How to disable img share/copy from mobile view

Hi,

I’m trying to protect the images on my website (though I know screenshot is not preventable).
Here’s a view only link:
https://preview.webflow.com/preview/eazydoc?utm_medium=preview_link&utm_source=designer&utm_content=eazydoc&preview=d27e8c3c5ca579caa8403272818e4439&mode=preview

for pc view, I’ve already add the code to Custom Code area:

But for mobile view, I guess it’s because long press is different than right click, so I’m wondering is there another code could prevent mobile long press?
And for all graphics, I’m using .svg, if this cannot be fixed, should I change all svg to png? will that slower my website loading?

Thank you so much!

You can’t stop people from grabbing your work online. As a professional photographer who has had plenty ripped, a watermark is your best bet, and if you are serious, a digital watermark that allows for tracking use.
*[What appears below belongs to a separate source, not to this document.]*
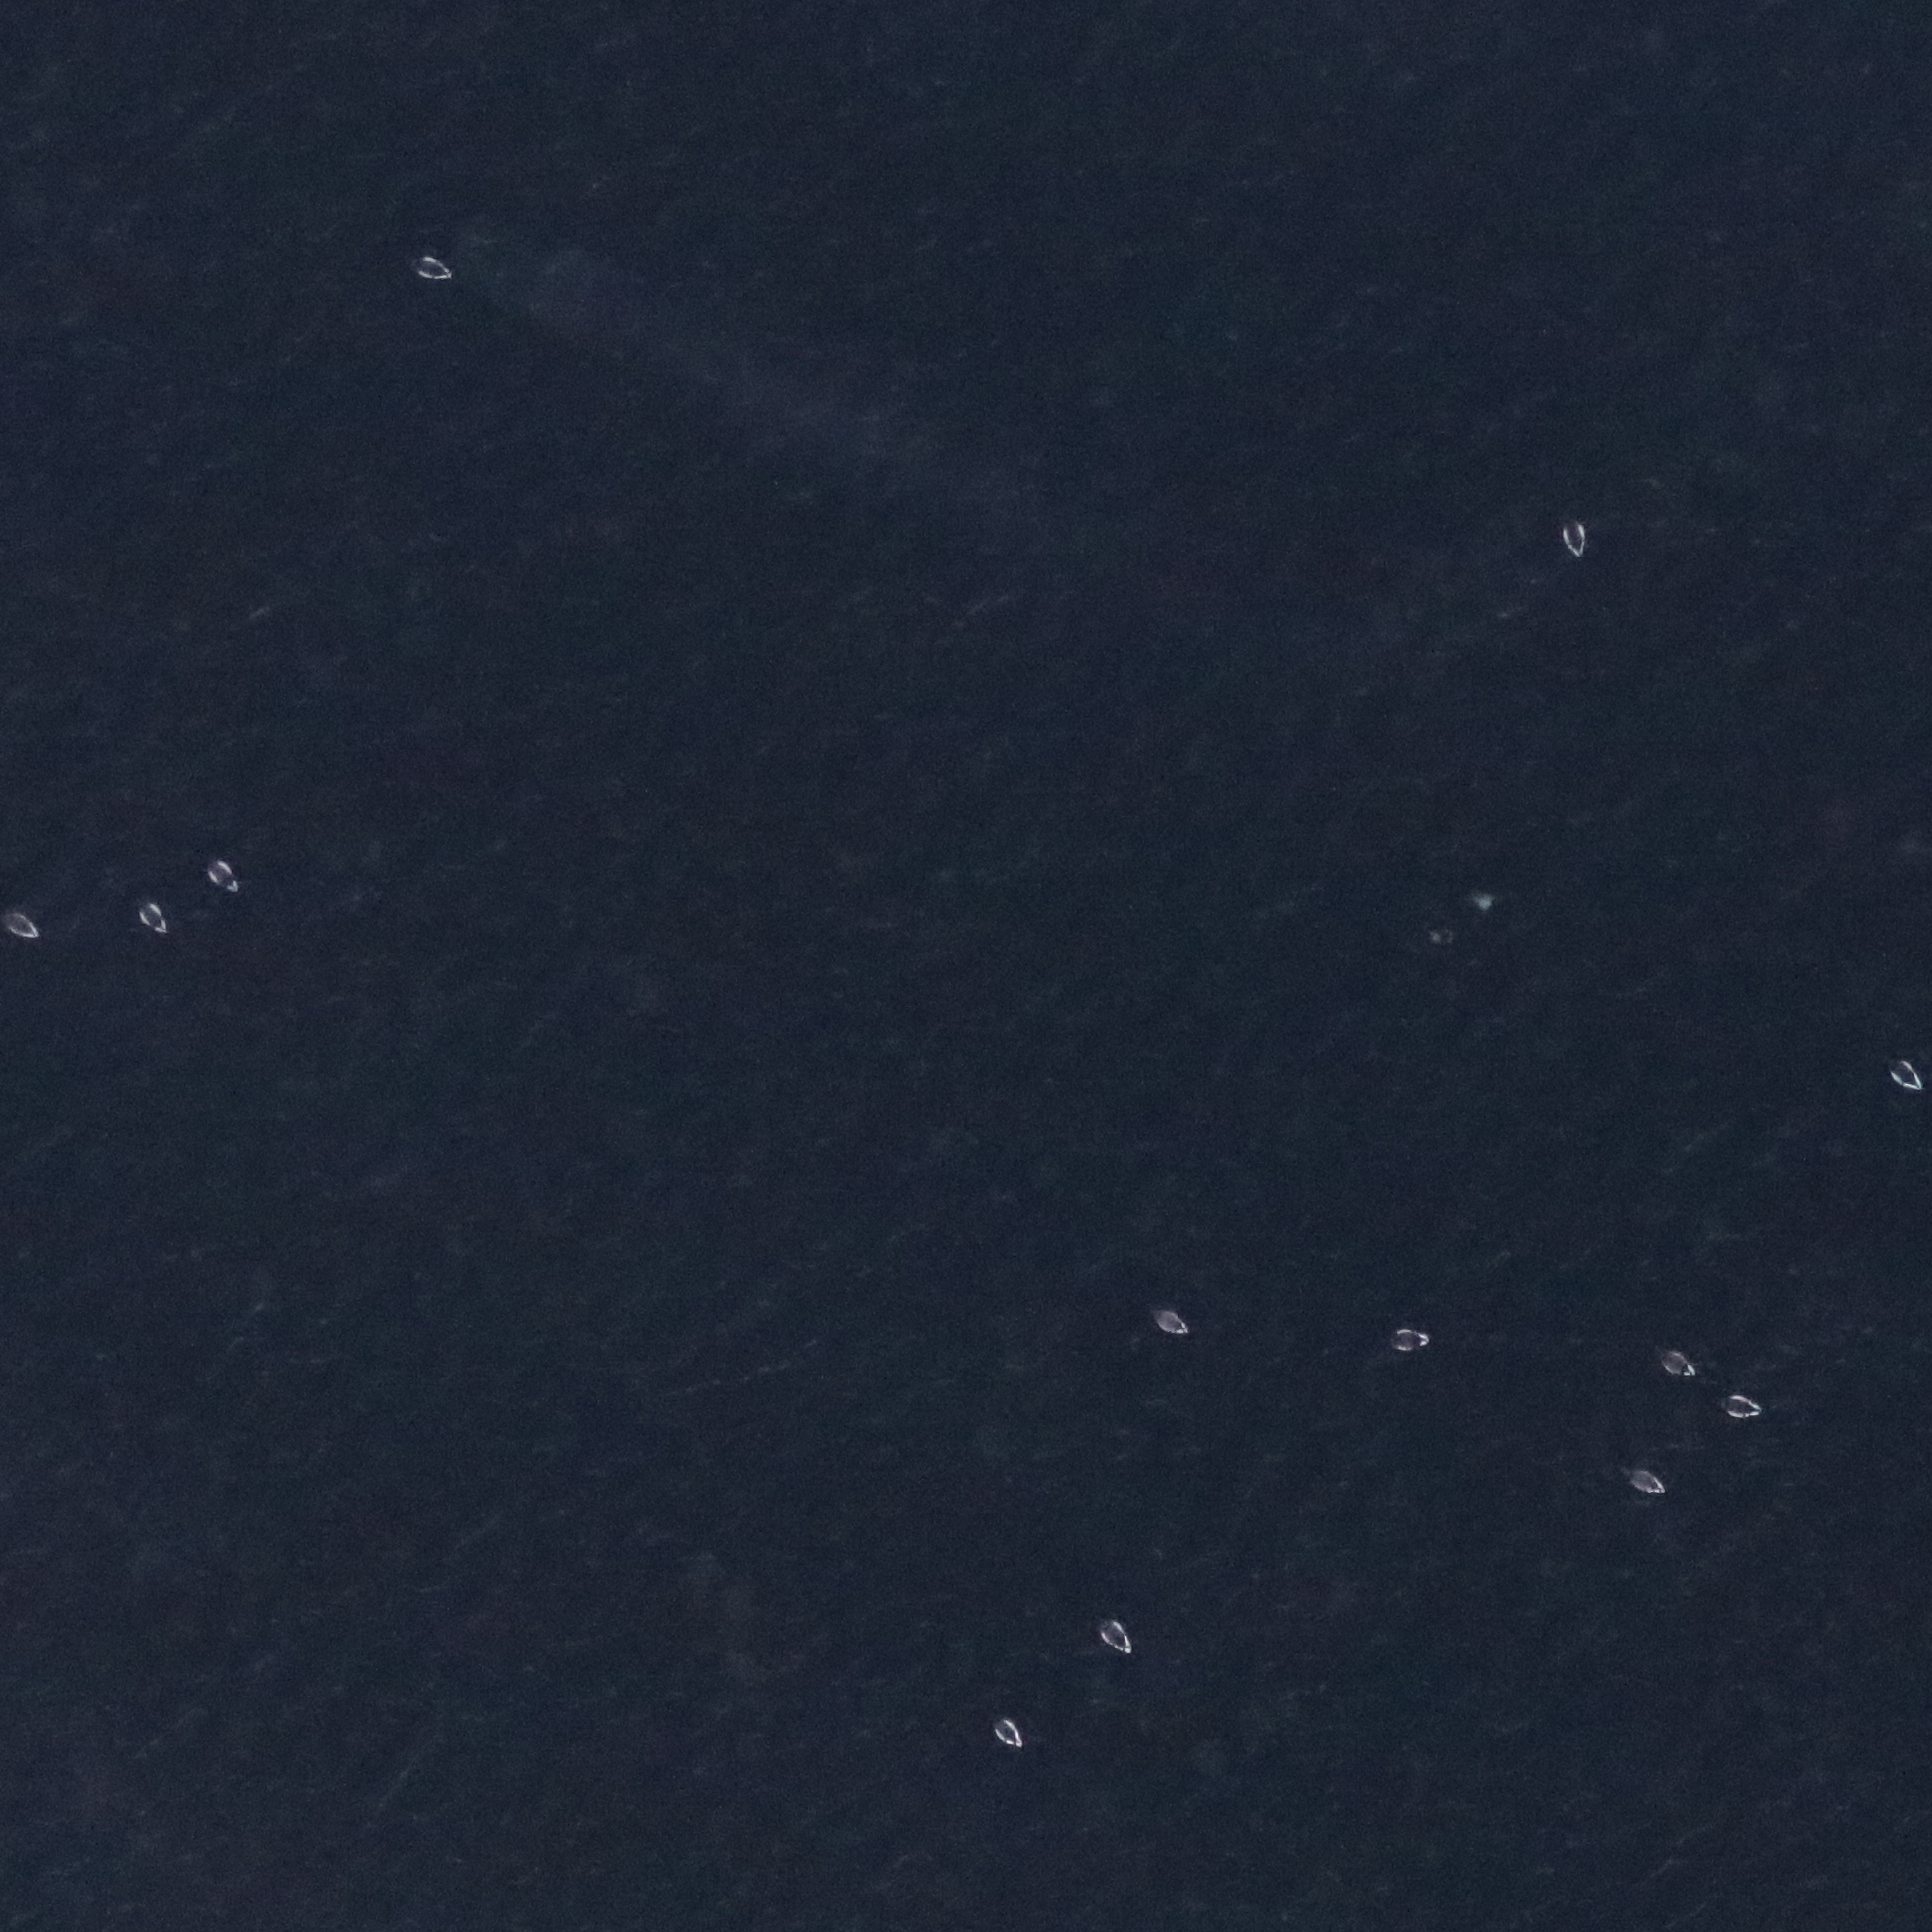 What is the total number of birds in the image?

13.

Also remember that when images are uploaded to Webflow, they are stored on a CDN and you can’t use robots.txt to block the spiders from crawling and displaying them. In fact anyone with the URI can just embed on their site without your knowledge. This is a reason I don’t put my work on Webflow’s back end. I choose to use my own CDN, and control access as I need.

May I know how personal CDN work? Is that mean you imbed all the photos?

Yes that is the approach to use if you use Webflow. You also need to handle responsive images on your own. You could look at Cloudinary as an option.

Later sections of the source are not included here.